Stored data: Begin

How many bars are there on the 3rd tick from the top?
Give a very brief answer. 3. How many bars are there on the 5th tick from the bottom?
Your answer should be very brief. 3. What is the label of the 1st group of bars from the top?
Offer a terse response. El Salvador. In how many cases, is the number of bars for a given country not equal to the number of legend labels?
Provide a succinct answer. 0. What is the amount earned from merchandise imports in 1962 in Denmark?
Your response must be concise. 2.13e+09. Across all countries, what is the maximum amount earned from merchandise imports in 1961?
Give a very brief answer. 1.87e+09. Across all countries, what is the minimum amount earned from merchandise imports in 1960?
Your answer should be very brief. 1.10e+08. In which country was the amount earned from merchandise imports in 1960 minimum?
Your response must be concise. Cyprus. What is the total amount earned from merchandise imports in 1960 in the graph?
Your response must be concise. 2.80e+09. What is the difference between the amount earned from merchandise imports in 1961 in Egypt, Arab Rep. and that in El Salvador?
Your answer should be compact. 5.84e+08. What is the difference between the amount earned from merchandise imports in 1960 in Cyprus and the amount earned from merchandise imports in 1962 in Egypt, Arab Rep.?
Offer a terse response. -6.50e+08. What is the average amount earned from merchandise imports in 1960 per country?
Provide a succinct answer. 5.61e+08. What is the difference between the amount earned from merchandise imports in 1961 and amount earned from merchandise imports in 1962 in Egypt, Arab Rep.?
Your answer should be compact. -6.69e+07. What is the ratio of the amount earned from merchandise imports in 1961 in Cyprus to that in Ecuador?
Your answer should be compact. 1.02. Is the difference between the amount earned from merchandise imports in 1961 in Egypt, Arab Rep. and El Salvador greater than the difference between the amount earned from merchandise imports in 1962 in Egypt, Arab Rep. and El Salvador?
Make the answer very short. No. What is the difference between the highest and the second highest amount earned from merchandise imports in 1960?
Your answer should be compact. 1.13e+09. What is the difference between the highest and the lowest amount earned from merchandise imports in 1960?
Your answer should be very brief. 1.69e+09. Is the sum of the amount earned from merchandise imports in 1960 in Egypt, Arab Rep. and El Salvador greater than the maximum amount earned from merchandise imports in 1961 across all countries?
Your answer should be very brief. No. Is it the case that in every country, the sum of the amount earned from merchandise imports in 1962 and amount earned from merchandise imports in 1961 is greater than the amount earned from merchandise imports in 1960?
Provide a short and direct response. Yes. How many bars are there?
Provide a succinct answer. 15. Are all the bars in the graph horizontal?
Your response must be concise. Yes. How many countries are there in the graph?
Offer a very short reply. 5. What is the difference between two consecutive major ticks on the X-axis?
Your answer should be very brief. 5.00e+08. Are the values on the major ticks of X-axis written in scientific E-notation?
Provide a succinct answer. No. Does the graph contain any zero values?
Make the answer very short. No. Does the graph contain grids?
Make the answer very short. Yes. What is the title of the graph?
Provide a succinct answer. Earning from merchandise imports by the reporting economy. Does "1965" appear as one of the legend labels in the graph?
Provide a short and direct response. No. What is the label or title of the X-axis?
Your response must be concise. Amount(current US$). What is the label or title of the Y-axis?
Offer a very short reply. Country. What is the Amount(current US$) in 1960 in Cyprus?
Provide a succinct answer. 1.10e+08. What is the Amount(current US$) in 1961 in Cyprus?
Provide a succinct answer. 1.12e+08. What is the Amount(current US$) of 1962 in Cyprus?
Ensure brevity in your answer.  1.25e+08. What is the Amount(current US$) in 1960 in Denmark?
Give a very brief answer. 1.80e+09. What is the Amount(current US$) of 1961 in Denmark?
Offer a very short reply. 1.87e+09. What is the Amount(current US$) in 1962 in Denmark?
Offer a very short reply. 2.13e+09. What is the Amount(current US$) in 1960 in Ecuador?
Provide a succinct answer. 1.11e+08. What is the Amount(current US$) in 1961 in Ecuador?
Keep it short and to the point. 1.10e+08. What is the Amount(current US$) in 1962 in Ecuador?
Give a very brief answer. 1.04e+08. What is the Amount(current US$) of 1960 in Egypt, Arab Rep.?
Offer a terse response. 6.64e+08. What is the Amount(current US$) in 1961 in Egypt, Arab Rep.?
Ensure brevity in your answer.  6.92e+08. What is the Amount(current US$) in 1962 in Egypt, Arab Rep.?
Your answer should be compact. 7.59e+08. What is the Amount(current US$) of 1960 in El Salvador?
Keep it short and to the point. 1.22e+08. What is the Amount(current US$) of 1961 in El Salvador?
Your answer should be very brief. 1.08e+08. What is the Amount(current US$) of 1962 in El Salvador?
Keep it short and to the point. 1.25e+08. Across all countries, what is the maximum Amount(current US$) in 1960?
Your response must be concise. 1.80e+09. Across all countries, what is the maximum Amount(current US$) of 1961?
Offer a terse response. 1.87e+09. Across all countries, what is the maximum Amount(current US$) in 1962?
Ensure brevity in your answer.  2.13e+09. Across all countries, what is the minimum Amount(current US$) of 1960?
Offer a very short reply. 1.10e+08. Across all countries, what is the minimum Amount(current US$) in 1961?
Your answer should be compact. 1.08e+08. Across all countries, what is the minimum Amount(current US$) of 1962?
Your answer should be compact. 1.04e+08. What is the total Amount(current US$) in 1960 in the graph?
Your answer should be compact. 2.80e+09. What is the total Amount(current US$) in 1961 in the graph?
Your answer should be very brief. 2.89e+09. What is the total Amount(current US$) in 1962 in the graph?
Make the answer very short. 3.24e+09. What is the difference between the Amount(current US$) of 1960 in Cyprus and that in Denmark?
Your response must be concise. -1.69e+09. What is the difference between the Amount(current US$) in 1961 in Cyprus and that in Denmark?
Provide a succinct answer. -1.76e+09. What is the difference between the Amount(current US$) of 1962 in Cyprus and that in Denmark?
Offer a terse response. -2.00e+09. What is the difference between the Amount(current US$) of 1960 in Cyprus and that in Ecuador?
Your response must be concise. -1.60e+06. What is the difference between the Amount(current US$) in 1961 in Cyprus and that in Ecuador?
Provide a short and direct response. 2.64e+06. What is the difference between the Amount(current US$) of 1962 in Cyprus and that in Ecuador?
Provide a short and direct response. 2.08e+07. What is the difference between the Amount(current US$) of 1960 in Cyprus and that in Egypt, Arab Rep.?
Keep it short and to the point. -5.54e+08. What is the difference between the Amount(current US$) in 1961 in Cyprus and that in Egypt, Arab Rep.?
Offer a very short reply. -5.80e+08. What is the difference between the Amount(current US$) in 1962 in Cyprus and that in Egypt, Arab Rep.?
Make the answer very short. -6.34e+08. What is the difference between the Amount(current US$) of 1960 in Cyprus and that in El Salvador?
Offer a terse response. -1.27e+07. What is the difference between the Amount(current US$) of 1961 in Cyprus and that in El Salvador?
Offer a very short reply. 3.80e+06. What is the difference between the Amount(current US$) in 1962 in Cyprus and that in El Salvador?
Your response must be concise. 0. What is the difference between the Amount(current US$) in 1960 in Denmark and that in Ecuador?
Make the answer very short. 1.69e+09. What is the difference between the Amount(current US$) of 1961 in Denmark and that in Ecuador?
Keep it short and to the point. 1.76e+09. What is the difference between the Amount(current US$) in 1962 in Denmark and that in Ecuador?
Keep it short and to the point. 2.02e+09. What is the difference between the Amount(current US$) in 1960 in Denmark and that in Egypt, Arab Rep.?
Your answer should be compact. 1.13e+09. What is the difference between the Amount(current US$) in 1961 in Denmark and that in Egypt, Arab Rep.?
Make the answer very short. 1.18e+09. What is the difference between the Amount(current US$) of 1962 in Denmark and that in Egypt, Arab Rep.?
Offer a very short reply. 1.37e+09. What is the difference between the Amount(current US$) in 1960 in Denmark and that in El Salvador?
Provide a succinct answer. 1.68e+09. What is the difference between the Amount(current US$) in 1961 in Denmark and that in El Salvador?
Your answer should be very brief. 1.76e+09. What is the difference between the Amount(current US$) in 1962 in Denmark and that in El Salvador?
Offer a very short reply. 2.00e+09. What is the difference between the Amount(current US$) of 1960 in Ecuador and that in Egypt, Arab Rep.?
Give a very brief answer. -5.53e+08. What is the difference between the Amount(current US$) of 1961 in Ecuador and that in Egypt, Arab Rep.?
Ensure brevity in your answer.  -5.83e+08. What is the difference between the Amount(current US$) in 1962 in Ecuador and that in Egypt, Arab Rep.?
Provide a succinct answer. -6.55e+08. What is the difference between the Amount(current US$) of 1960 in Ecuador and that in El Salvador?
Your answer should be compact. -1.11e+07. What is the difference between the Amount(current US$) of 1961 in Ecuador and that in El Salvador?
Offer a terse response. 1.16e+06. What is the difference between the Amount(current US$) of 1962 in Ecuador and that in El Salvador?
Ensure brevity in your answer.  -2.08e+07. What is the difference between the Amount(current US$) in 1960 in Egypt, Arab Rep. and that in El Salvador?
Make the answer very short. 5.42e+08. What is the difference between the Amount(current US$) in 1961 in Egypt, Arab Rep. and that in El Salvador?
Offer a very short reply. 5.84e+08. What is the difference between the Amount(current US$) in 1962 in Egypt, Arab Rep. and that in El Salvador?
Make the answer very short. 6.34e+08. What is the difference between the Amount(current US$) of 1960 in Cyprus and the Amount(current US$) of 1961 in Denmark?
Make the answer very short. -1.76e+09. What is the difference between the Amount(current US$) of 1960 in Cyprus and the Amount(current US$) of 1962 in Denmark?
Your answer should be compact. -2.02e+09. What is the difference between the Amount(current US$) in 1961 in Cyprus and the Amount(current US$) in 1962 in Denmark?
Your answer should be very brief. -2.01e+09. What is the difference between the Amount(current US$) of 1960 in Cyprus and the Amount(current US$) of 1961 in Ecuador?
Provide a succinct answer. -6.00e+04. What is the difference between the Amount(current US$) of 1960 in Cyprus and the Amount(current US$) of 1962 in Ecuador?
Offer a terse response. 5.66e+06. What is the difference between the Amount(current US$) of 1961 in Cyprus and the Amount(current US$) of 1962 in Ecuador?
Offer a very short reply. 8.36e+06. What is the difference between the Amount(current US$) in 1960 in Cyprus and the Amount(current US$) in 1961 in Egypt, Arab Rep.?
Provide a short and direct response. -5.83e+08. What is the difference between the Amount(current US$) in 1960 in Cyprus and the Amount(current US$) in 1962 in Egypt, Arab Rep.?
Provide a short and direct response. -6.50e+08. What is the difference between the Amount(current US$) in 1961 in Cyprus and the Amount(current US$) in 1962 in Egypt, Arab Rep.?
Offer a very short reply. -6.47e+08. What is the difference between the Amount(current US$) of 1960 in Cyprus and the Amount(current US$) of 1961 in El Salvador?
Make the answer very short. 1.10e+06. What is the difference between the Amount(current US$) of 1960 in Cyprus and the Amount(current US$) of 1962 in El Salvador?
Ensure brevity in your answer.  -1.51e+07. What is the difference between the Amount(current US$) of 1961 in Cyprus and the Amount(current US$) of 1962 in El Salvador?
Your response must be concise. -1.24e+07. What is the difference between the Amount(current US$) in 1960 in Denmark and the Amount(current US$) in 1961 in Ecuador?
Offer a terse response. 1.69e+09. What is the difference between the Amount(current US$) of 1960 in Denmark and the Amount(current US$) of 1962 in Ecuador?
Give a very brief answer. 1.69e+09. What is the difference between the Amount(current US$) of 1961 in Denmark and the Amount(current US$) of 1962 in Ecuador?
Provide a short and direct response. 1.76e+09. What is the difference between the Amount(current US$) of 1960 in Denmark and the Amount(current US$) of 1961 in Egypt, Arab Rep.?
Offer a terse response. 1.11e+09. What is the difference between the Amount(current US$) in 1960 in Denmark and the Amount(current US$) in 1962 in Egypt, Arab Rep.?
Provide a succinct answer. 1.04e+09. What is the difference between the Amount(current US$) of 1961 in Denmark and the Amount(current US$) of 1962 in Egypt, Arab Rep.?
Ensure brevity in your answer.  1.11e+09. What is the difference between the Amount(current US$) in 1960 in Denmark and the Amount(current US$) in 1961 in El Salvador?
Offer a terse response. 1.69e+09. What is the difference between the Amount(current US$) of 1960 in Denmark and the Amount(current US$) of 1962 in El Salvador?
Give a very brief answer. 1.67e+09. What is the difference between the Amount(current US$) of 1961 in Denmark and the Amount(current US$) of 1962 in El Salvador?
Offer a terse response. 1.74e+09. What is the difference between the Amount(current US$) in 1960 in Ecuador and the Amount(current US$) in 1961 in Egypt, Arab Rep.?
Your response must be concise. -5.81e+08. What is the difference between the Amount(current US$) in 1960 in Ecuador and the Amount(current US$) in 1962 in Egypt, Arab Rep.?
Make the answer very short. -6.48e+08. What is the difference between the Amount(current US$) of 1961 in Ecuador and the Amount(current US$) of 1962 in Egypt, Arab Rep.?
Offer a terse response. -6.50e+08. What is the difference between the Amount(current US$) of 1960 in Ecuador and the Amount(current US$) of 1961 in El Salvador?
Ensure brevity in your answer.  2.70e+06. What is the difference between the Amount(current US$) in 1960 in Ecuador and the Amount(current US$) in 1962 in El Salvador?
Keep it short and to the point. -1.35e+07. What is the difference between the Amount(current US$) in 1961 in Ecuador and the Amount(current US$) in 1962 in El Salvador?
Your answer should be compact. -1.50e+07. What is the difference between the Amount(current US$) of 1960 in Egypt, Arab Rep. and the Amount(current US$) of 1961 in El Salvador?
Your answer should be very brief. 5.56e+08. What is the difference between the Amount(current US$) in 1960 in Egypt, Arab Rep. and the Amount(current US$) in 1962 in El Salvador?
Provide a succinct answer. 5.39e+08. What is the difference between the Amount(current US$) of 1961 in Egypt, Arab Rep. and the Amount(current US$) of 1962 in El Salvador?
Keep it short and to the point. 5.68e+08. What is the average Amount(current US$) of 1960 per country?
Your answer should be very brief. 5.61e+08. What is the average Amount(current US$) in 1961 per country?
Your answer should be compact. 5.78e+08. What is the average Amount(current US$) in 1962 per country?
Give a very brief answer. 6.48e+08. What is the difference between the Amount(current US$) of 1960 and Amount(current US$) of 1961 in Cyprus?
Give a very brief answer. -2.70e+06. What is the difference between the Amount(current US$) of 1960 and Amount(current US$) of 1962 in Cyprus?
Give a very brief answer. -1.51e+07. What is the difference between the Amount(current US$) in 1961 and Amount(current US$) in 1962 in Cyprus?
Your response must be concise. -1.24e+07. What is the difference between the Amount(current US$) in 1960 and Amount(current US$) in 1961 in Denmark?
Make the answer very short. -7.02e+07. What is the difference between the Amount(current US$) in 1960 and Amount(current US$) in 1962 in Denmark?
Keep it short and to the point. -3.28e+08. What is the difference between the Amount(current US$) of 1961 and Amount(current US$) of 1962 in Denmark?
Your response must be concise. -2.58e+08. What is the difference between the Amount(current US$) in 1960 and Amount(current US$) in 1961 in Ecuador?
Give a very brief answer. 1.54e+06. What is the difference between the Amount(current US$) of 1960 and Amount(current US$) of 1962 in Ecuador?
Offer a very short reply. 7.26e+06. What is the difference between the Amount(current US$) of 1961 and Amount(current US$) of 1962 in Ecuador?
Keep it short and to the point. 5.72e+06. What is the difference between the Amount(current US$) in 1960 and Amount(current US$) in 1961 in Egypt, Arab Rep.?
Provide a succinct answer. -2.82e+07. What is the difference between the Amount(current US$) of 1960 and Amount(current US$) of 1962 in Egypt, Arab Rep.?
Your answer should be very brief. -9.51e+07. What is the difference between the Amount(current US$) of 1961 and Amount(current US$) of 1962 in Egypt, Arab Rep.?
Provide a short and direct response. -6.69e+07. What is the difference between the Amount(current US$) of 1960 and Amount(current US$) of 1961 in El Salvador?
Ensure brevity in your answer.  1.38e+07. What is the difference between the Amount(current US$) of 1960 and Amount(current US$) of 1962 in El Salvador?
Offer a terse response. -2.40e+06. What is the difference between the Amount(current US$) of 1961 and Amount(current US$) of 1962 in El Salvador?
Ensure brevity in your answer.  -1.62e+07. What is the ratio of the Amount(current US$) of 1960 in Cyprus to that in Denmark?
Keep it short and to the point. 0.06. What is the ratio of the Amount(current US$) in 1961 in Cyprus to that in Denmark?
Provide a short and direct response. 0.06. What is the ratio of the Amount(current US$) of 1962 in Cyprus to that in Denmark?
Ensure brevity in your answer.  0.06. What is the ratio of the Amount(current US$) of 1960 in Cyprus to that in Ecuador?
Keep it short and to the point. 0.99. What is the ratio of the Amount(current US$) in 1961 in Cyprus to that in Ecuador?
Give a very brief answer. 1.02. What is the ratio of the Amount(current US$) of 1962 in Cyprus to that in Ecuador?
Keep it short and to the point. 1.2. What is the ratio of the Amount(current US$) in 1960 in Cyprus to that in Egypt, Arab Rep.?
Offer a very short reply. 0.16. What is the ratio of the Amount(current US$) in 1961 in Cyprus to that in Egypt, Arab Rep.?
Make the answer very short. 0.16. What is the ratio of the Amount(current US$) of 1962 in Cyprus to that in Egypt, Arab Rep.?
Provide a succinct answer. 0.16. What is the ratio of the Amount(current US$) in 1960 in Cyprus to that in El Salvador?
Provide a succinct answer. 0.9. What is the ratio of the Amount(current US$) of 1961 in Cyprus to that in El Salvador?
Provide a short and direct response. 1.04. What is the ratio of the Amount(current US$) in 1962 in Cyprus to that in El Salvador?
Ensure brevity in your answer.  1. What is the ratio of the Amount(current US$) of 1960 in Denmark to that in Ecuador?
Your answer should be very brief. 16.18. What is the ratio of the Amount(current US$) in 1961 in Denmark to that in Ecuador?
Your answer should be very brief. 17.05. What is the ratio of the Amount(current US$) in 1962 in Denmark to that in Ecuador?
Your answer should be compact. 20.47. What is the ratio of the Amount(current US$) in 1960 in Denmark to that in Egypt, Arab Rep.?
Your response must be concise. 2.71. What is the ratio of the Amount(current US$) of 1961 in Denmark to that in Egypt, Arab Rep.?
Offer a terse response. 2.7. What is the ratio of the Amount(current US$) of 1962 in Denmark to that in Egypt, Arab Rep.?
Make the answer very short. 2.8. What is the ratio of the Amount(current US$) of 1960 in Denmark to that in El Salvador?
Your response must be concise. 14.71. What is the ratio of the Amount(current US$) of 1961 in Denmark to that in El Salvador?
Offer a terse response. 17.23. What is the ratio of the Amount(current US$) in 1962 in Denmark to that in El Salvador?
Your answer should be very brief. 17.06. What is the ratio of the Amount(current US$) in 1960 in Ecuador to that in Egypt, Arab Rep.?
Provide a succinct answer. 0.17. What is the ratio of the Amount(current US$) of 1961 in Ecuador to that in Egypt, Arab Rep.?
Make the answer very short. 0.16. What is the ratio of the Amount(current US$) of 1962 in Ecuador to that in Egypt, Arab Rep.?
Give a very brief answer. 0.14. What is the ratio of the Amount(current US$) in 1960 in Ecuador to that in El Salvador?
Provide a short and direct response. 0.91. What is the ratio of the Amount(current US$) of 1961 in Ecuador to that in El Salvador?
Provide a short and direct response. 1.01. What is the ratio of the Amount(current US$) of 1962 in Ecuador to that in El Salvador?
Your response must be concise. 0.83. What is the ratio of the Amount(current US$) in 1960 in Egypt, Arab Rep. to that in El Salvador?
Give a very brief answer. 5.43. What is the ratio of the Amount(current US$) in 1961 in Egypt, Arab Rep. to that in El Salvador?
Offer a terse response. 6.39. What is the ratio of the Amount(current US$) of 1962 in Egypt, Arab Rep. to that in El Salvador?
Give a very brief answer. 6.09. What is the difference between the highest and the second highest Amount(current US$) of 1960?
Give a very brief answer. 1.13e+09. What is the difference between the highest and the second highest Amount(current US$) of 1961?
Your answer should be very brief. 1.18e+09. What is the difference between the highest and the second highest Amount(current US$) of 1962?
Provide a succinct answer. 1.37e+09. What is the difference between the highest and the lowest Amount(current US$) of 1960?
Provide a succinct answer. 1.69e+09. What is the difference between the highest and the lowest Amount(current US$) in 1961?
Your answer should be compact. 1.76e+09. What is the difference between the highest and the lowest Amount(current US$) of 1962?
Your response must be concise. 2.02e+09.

Stored data: End

Task objective =
Look above for the line with "Your answer should be compact. -2.02e+09."; retype exactly that line, every line after it up to the line with "Your answer should be very brief. -2.01e+09.", and that line too, nothing else.

Task output =
Your answer should be compact. -2.02e+09. What is the difference between the Amount(current US$) in 1961 in Cyprus and the Amount(current US$) in 1962 in Denmark?
Your answer should be very brief. -2.01e+09. What is the difference between the Amount(current US$) of 1960 in Cyprus and the Amount(current US$) of 1961 in Ecuador?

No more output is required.